**ABOUT THIS EXERCISE:** Transcribe every line of the material below without change, apart from dropping the pictures.

**PROVIDED MATERIAL:**
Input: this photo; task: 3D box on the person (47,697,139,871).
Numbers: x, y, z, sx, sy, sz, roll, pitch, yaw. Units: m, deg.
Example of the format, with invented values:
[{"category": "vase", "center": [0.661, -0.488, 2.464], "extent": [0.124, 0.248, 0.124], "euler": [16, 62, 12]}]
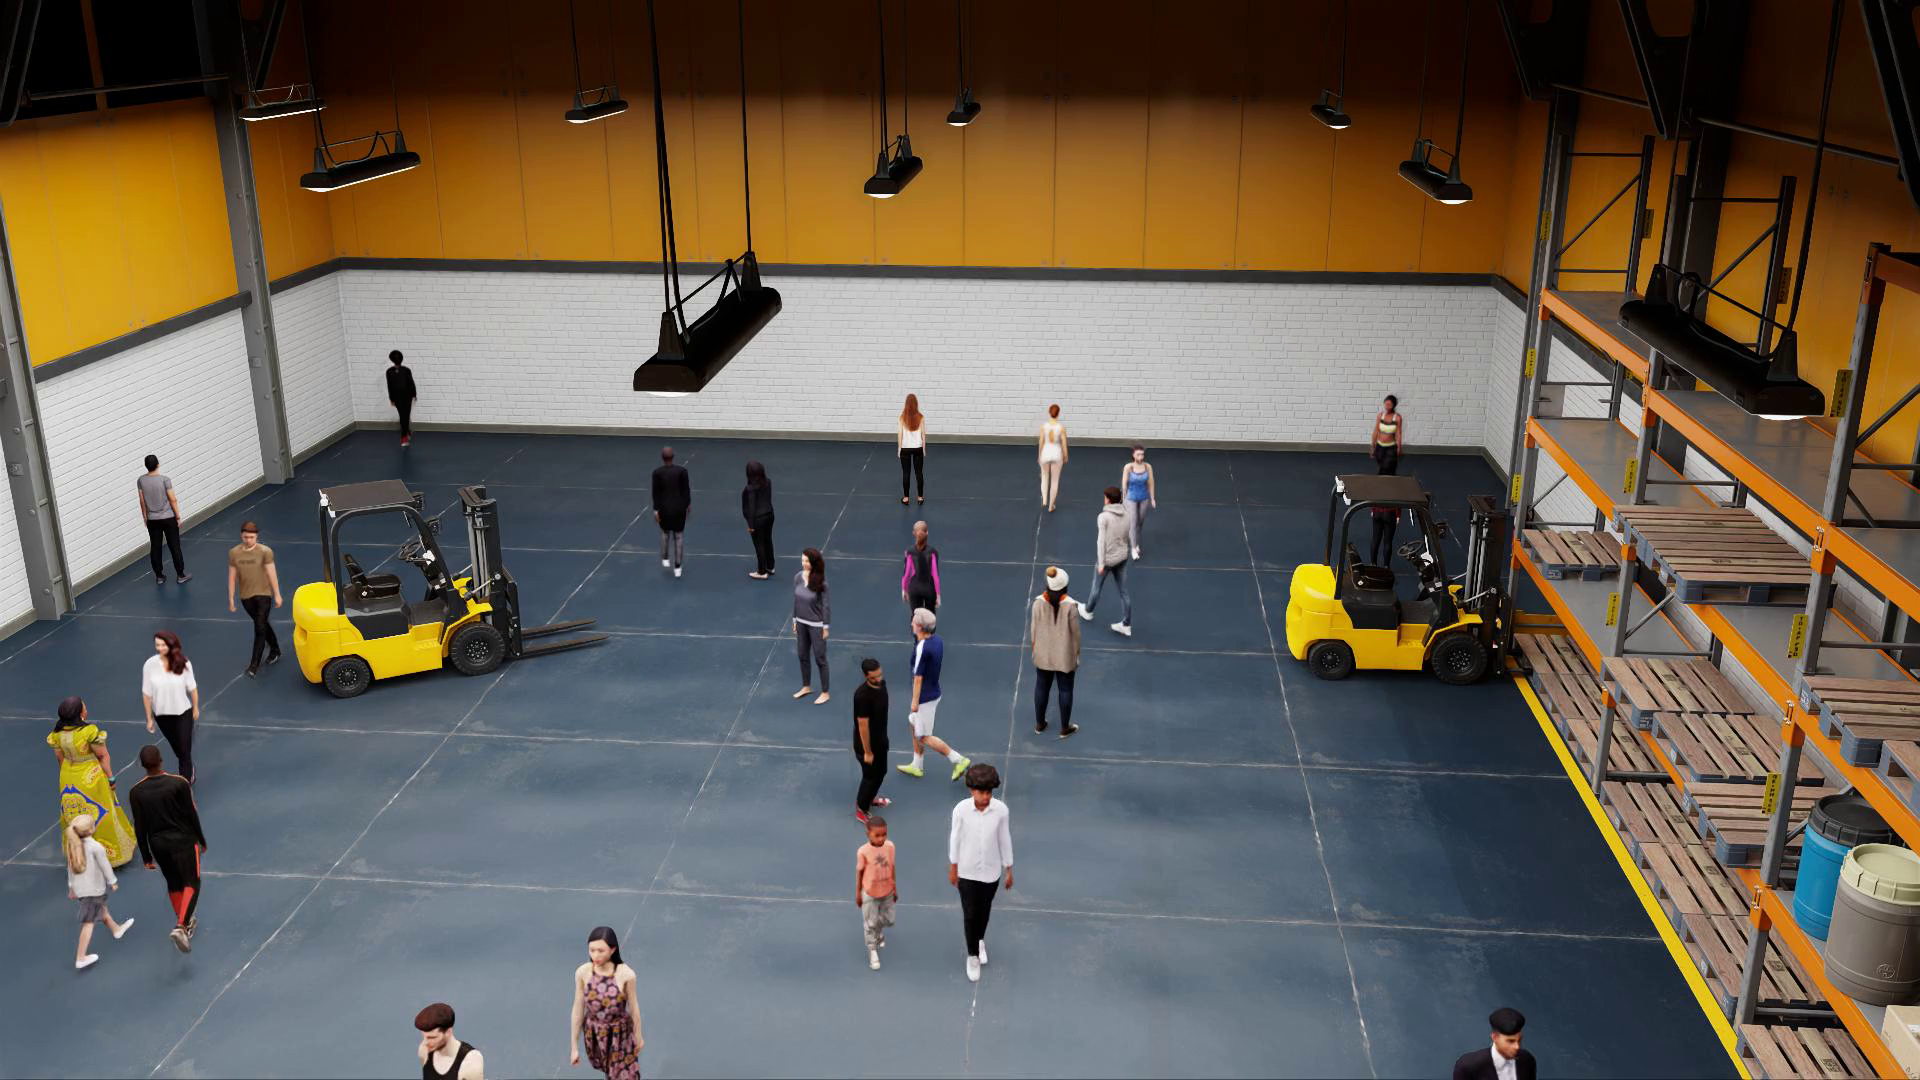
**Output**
[{"category": "person", "center": [-7.788, 2.163, 14.836], "extent": [0.833, 1.661, 0.741], "euler": [1, 19, 4]}]

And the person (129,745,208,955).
[{"category": "person", "center": [-6.428, 2.534, 13.535], "extent": [0.833, 1.790, 1.071], "euler": [-4, 19, -12]}]

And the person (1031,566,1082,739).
[{"category": "person", "center": [0.994, 1.152, 17.478], "extent": [0.786, 1.892, 0.780], "euler": [8, 20, 23]}]

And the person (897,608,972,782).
[{"category": "person", "center": [-0.267, 1.562, 16.377], "extent": [0.807, 1.817, 1.012], "euler": [5, 19, 15]}]

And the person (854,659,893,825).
[{"category": "person", "center": [-0.862, 1.875, 15.601], "extent": [0.900, 1.719, 0.681], "euler": [2, 19, 6]}]

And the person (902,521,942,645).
[{"category": "person", "center": [-0.436, 0.661, 19.207], "extent": [0.670, 1.719, 1.019], "euler": [0, 19, -1]}]

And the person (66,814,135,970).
[{"category": "person", "center": [-7.075, 2.853, 13.453], "extent": [0.645, 1.237, 0.936], "euler": [6, 20, 18]}]

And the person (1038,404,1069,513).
[{"category": "person", "center": [1.358, -1.203, 24.878], "extent": [0.629, 1.633, 0.642], "euler": [4, 19, 12]}]

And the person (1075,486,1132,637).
[{"category": "person", "center": [1.917, 0.286, 20.178], "extent": [1.177, 1.810, 1.269], "euler": [-14, 23, -35]}]

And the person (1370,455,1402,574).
[{"category": "person", "center": [5.678, -0.326, 22.235], "extent": [0.664, 1.657, 0.688], "euler": [15, 24, 37]}]

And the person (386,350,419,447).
[{"category": "person", "center": [-9.524, -2.392, 28.402], "extent": [0.664, 1.636, 1.104], "euler": [-1, 19, -2]}]

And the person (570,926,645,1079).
[{"category": "person", "center": [-2.329, 3.355, 11.207], "extent": [0.658, 1.719, 1.159], "euler": [3, 19, 8]}]

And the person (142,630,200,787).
[{"category": "person", "center": [-7.600, 1.692, 16.122], "extent": [0.849, 1.734, 1.203], "euler": [-4, 19, -11]}]

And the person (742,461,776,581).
[{"category": "person", "center": [-2.658, -0.279, 22.164], "extent": [0.804, 1.613, 0.685], "euler": [9, 21, 24]}]

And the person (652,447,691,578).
[{"category": "person", "center": [-3.837, -0.355, 22.193], "extent": [0.788, 1.738, 0.991], "euler": [-3, 19, -8]}]

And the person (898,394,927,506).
[{"category": "person", "center": [-0.725, -1.377, 25.254], "extent": [0.624, 1.722, 0.577], "euler": [-3, 19, -9]}]

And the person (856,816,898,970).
[{"category": "person", "center": [-0.688, 2.805, 13.493], "extent": [0.621, 1.302, 0.720], "euler": [-5, 19, -14]}]

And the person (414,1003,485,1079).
[{"category": "person", "center": [-3.036, 3.605, 10.271], "extent": [0.956, 1.843, 1.256], "euler": [9, 21, 25]}]

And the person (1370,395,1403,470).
[{"category": "person", "center": [6.489, -1.355, 25.178], "extent": [0.817, 1.729, 0.965], "euler": [13, 23, 35]}]

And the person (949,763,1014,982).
[{"category": "person", "center": [0.137, 2.585, 13.386], "extent": [0.760, 1.787, 0.856], "euler": [-3, 19, -9]}]

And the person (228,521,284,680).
[{"category": "person", "center": [-8.056, 0.641, 19.150], "extent": [0.720, 1.794, 1.219], "euler": [1, 19, 3]}]

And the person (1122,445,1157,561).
[{"category": "person", "center": [2.440, -0.563, 23.050], "extent": [0.719, 1.585, 0.918], "euler": [-4, 19, -12]}]

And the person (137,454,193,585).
[{"category": "person", "center": [-10.552, -0.287, 21.964], "extent": [0.653, 1.755, 0.590], "euler": [-1, 19, -4]}]

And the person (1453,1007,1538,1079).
[{"category": "person", "center": [3.188, 3.624, 10.168], "extent": [0.856, 1.873, 0.943], "euler": [-4, 19, -11]}]

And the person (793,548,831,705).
[{"category": "person", "center": [-1.633, 0.924, 18.346], "extent": [0.689, 1.769, 0.678], "euler": [11, 21, 29]}]

**SOLUTION TO THIS TASK:**
Input: this photo; task: 3D box on the person (47,697,139,871).
Numbers: x, y, z, sx, sy, sz, roll, pitch, yaw. Units: m, deg.
Example of the format, with invented values:
[{"category": "vase", "center": [0.661, -0.488, 2.464], "extent": [0.124, 0.248, 0.124], "euler": [16, 62, 12]}]
**Output**
[{"category": "person", "center": [-7.788, 2.163, 14.836], "extent": [0.833, 1.661, 0.741], "euler": [1, 19, 4]}]

And the person (129,745,208,955).
[{"category": "person", "center": [-6.428, 2.534, 13.535], "extent": [0.833, 1.790, 1.071], "euler": [-4, 19, -12]}]

And the person (1031,566,1082,739).
[{"category": "person", "center": [0.994, 1.152, 17.478], "extent": [0.786, 1.892, 0.780], "euler": [8, 20, 23]}]

And the person (897,608,972,782).
[{"category": "person", "center": [-0.267, 1.562, 16.377], "extent": [0.807, 1.817, 1.012], "euler": [5, 19, 15]}]

And the person (854,659,893,825).
[{"category": "person", "center": [-0.862, 1.875, 15.601], "extent": [0.900, 1.719, 0.681], "euler": [2, 19, 6]}]

And the person (902,521,942,645).
[{"category": "person", "center": [-0.436, 0.661, 19.207], "extent": [0.670, 1.719, 1.019], "euler": [0, 19, -1]}]

And the person (66,814,135,970).
[{"category": "person", "center": [-7.075, 2.853, 13.453], "extent": [0.645, 1.237, 0.936], "euler": [6, 20, 18]}]

And the person (1038,404,1069,513).
[{"category": "person", "center": [1.358, -1.203, 24.878], "extent": [0.629, 1.633, 0.642], "euler": [4, 19, 12]}]

And the person (1075,486,1132,637).
[{"category": "person", "center": [1.917, 0.286, 20.178], "extent": [1.177, 1.810, 1.269], "euler": [-14, 23, -35]}]

And the person (1370,455,1402,574).
[{"category": "person", "center": [5.678, -0.326, 22.235], "extent": [0.664, 1.657, 0.688], "euler": [15, 24, 37]}]

And the person (386,350,419,447).
[{"category": "person", "center": [-9.524, -2.392, 28.402], "extent": [0.664, 1.636, 1.104], "euler": [-1, 19, -2]}]

And the person (570,926,645,1079).
[{"category": "person", "center": [-2.329, 3.355, 11.207], "extent": [0.658, 1.719, 1.159], "euler": [3, 19, 8]}]

And the person (142,630,200,787).
[{"category": "person", "center": [-7.600, 1.692, 16.122], "extent": [0.849, 1.734, 1.203], "euler": [-4, 19, -11]}]

And the person (742,461,776,581).
[{"category": "person", "center": [-2.658, -0.279, 22.164], "extent": [0.804, 1.613, 0.685], "euler": [9, 21, 24]}]

And the person (652,447,691,578).
[{"category": "person", "center": [-3.837, -0.355, 22.193], "extent": [0.788, 1.738, 0.991], "euler": [-3, 19, -8]}]

And the person (898,394,927,506).
[{"category": "person", "center": [-0.725, -1.377, 25.254], "extent": [0.624, 1.722, 0.577], "euler": [-3, 19, -9]}]

And the person (856,816,898,970).
[{"category": "person", "center": [-0.688, 2.805, 13.493], "extent": [0.621, 1.302, 0.720], "euler": [-5, 19, -14]}]

And the person (414,1003,485,1079).
[{"category": "person", "center": [-3.036, 3.605, 10.271], "extent": [0.956, 1.843, 1.256], "euler": [9, 21, 25]}]

And the person (1370,395,1403,470).
[{"category": "person", "center": [6.489, -1.355, 25.178], "extent": [0.817, 1.729, 0.965], "euler": [13, 23, 35]}]

And the person (949,763,1014,982).
[{"category": "person", "center": [0.137, 2.585, 13.386], "extent": [0.760, 1.787, 0.856], "euler": [-3, 19, -9]}]

And the person (228,521,284,680).
[{"category": "person", "center": [-8.056, 0.641, 19.150], "extent": [0.720, 1.794, 1.219], "euler": [1, 19, 3]}]

And the person (1122,445,1157,561).
[{"category": "person", "center": [2.440, -0.563, 23.050], "extent": [0.719, 1.585, 0.918], "euler": [-4, 19, -12]}]

And the person (137,454,193,585).
[{"category": "person", "center": [-10.552, -0.287, 21.964], "extent": [0.653, 1.755, 0.590], "euler": [-1, 19, -4]}]

And the person (1453,1007,1538,1079).
[{"category": "person", "center": [3.188, 3.624, 10.168], "extent": [0.856, 1.873, 0.943], "euler": [-4, 19, -11]}]

And the person (793,548,831,705).
[{"category": "person", "center": [-1.633, 0.924, 18.346], "extent": [0.689, 1.769, 0.678], "euler": [11, 21, 29]}]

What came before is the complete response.